** STUDY MATERIAL follows **
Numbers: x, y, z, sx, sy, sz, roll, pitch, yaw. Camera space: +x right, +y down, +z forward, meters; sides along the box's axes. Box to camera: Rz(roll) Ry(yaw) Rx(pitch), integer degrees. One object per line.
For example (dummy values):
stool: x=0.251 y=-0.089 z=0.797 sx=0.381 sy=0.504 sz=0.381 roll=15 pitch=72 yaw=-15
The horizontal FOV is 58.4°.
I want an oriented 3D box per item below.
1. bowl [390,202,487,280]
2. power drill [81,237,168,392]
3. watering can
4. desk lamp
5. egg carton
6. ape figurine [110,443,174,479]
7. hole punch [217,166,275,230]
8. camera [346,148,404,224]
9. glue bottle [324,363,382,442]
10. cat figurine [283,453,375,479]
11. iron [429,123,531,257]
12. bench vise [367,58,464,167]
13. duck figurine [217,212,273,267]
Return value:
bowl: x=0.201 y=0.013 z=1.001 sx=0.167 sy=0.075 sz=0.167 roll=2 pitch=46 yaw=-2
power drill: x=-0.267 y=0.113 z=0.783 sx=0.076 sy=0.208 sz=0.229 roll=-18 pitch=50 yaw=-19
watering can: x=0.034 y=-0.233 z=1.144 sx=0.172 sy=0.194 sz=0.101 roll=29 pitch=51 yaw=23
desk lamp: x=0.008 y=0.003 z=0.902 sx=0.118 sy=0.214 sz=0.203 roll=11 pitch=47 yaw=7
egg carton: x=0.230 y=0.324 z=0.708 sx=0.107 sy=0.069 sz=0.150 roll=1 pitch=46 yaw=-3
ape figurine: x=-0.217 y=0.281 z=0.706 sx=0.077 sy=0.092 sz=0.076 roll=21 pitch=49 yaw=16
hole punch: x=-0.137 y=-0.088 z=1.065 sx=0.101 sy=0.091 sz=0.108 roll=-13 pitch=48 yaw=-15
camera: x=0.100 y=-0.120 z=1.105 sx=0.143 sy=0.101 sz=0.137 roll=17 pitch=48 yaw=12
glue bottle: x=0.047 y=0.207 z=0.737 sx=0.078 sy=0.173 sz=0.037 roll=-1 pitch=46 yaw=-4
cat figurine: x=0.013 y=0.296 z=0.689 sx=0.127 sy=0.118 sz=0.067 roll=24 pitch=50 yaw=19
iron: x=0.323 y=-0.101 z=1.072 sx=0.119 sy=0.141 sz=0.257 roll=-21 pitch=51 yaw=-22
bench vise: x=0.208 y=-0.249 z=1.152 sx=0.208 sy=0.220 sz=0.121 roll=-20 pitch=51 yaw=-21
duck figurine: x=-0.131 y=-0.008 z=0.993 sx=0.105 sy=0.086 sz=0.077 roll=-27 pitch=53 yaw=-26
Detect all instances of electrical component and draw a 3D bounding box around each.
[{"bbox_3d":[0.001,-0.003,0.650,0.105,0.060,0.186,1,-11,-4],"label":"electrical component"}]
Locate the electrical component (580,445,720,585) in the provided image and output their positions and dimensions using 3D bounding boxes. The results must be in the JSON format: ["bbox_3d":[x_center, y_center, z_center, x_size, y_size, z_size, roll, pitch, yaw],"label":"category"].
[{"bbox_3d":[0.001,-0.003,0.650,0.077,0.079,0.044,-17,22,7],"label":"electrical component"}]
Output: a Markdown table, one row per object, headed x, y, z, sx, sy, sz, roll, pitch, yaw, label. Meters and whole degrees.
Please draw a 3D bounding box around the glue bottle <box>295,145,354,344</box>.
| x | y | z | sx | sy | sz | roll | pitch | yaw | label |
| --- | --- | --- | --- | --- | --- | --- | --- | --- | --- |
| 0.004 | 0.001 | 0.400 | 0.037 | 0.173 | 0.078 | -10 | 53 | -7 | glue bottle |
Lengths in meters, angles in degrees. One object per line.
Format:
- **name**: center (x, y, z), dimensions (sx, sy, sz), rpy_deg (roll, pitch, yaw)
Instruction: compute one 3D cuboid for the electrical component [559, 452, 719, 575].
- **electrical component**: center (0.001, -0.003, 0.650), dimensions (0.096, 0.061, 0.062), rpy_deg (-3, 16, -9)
** End of STUDY MATERIAL **
▶ ASSIGNMENT: Retype only the lines running from the top of the listing to the line that holds "For example (dummy", both ends included.

▶ TASK RESULT:
Numbers: x, y, z, sx, sy, sz, roll, pitch, yaw. Camera space: +x right, +y down, +z forward, meters; sides along the box's axes. Box to camera: Rz(roll) Ry(yaw) Rx(pitch), integer degrees. One object per line.
For example (dummy values):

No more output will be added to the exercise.